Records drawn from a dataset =
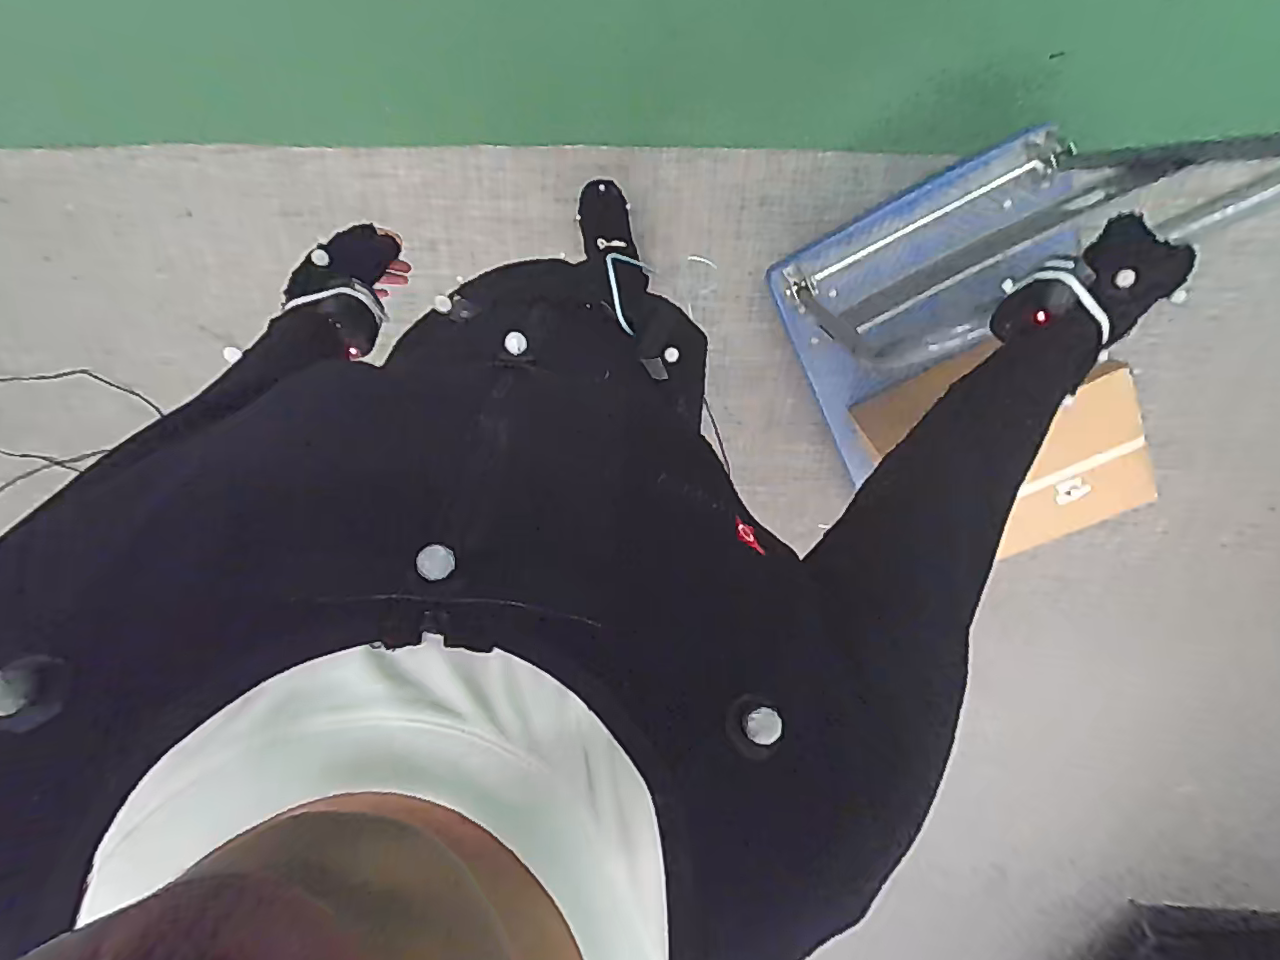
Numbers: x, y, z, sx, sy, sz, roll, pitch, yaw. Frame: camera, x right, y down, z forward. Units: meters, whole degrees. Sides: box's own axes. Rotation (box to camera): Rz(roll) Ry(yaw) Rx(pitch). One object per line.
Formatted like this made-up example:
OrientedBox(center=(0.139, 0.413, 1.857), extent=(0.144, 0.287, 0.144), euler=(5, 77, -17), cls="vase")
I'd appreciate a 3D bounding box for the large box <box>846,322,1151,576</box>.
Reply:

WORK INSTRUCTIONS =
Although the records above contain pictures, your copy should give only their text, exactly as written.

YOUR SOLUTION =
Numbers: x, y, z, sx, sy, sz, roll, pitch, yaw. Frame: camera, x right, y down, z forward. Units: meters, whole degrees. Sides: box's own axes. Rotation (box to camera): Rz(roll) Ry(yaw) Rx(pitch). One object per line.
Formatted like this made-up example:
OrientedBox(center=(0.139, 0.413, 1.857), extent=(0.144, 0.287, 0.144), euler=(5, 77, -17), cls="vase")
I'd appreciate a 3D bounding box for the large box <box>846,322,1151,576</box>.
Reply:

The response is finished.